↓↓↓
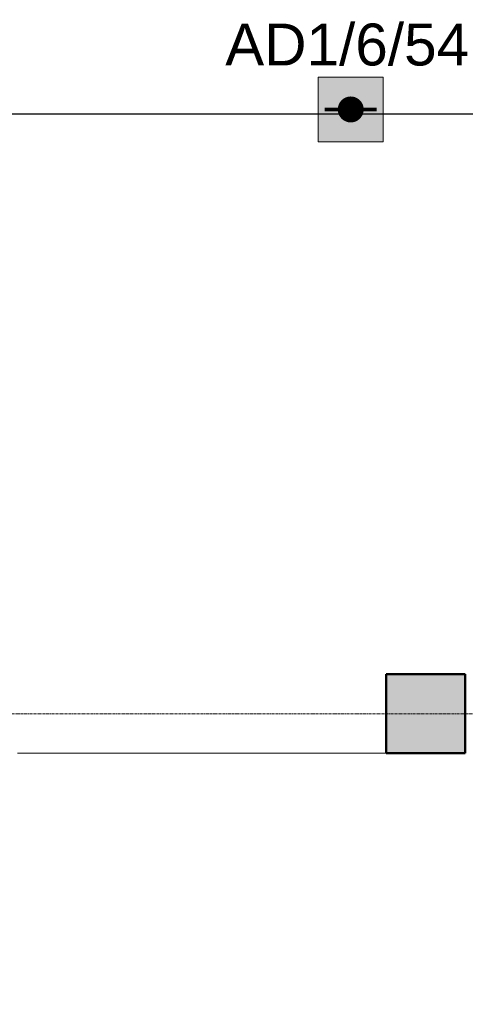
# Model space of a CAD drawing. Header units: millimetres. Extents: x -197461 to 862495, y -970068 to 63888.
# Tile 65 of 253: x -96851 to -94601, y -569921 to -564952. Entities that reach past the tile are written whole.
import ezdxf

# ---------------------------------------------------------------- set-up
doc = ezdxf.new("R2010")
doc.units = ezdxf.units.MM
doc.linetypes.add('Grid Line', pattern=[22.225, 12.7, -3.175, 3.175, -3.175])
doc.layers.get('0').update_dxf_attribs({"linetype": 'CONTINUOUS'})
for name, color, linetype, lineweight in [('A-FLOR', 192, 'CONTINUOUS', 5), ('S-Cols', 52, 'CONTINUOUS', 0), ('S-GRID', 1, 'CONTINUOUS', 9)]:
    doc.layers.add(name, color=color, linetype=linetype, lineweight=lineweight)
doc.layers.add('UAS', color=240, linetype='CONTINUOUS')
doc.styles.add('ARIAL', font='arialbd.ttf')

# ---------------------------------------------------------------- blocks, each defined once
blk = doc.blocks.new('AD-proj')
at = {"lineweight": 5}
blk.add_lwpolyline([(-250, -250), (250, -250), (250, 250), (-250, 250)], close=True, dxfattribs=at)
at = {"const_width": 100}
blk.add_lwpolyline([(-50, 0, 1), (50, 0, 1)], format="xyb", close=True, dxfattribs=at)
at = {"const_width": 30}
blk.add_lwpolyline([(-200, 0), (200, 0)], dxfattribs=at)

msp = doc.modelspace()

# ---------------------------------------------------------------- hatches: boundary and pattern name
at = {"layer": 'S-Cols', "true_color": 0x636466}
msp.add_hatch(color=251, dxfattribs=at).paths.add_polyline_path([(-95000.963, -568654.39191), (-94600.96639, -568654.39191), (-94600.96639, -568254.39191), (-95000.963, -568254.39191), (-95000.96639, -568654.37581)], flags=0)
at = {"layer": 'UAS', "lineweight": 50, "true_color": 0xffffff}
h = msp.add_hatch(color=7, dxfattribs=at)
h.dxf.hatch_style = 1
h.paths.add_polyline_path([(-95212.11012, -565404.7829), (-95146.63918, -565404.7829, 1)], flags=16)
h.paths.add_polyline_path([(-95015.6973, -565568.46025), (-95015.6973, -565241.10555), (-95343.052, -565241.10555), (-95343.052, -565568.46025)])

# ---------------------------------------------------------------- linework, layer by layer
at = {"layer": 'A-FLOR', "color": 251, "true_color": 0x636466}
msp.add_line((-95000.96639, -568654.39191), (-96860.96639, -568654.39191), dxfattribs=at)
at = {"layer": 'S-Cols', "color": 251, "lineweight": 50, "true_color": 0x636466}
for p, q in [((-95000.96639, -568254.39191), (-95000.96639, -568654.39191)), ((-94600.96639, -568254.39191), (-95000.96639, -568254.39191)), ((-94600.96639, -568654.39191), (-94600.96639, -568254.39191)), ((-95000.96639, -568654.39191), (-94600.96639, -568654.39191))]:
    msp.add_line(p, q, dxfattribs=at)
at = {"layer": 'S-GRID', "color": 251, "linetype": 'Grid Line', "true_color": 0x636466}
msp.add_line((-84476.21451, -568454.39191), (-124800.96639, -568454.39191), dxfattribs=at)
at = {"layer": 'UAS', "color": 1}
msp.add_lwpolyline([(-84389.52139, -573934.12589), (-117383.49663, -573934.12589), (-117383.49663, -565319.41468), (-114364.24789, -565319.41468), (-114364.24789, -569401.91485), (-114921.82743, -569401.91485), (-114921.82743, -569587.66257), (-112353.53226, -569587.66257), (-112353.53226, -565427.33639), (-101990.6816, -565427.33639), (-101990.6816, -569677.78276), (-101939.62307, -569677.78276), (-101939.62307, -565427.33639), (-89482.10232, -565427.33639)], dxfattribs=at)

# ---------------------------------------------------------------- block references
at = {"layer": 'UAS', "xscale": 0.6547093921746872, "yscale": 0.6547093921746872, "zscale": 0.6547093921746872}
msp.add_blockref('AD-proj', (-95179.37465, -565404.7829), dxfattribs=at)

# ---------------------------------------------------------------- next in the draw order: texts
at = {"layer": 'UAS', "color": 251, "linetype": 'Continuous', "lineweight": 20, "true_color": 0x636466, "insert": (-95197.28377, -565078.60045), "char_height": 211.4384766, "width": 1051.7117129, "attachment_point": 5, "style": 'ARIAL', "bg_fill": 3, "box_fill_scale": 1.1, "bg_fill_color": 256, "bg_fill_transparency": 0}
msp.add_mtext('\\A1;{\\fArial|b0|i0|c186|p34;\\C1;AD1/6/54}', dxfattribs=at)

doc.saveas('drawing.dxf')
↑↑↑
▶ What is expected:
Leaving out the pictures, print each line of the records above from the first up to and including the one that contains "for name, color, linetype, lineweight", exactly as written.

▶ Your response:
# Model space of a CAD drawing. Header units: millimetres. Extents: x -197461 to 862495, y -970068 to 63888.
# Tile 65 of 253: x -96851 to -94601, y -569921 to -564952. Entities that reach past the tile are written whole.
import ezdxf

# ---------------------------------------------------------------- set-up
doc = ezdxf.new("R2010")
doc.units = ezdxf.units.MM
doc.linetypes.add('Grid Line', pattern=[22.225, 12.7, -3.175, 3.175, -3.175])
doc.layers.get('0').update_dxf_attribs({"linetype": 'CONTINUOUS'})
for name, color, linetype, lineweight in [('A-FLOR', 192, 'CONTINUOUS', 5), ('S-Cols', 52, 'CONTINUOUS', 0), ('S-GRID', 1, 'CONTINUOUS', 9)]:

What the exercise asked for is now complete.